The reason last night happened was because I was feeling physically week, my body was crying out for something, and sugar (logically) is an automatic for a body requiring a quick energy fix - not that that makes is right in any way. I didn't reach for the oreo, i had a few little bits here and there managing to bring my days calories in at about 1500 by the time I had finished.
The sweets were never a planned purchased - neither was the top i also bought in asda - they were both on impulse, you see it's not just food I can be addicted to theres shopping, or is it just an addiction to gratification? When I came onto plan and started loosing, shopping became a replacement for the food gratification, but at the time it served a purpose - i needed new clothes! But now my wardrobe is once again brimming - but I still keep buying - now change the words shopping and wardrobe for eating and belly - same story right.

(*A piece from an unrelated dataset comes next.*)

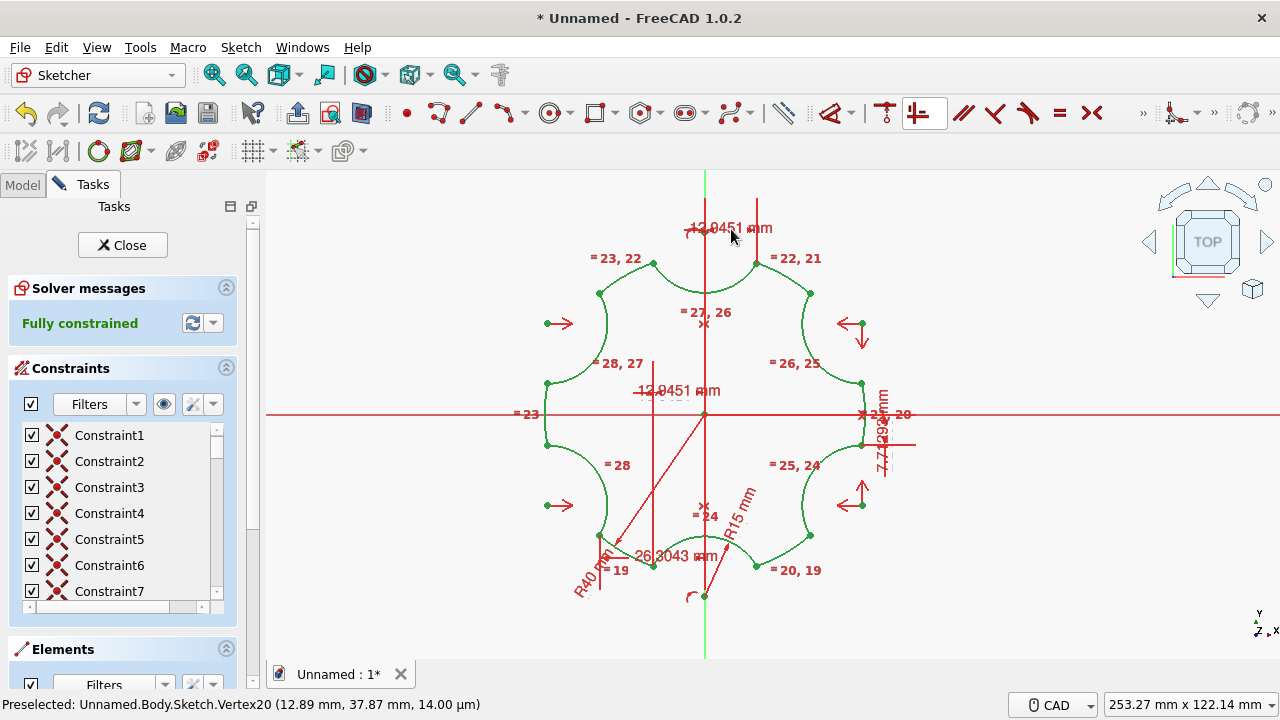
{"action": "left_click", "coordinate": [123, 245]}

I have no intention of going off of the wagon - i'd like to think of the "eat a chocolate and blow 3 days" mentality is gone, I'm straight back on plan this morning, but my problem is which plan - I don't know the answer, yet only I can make the decision. SS is great, it'll get me results, itll get me where I need to be quicker so I can finish this job and start a normal healthy life. BUT all it takes is a icky tummy and a lack of sleep one night to leave me a motionless, weak, pathetic wreck for the day that I was yesterday on SS. And then, because of last night knocking myself out of ketosis, I don't wanna have the hell of going back in again. I want to eat more normally - which I can on step 3 - yet at the same time i want to do SS and get the results. I don't want to do step 2 - It's a faff and I'm bored of it - yes i am throwing my toys out of the pram - and clearly I don't have a clue what i want or what I am playing at :-( This, combined with what is going to be the most stressful month of my career at work. Was about to sit there and have a quick cry this morning (makes it all a bit better right) but just as that was about to happen, Rana wanted to video call me so quickly composed myself.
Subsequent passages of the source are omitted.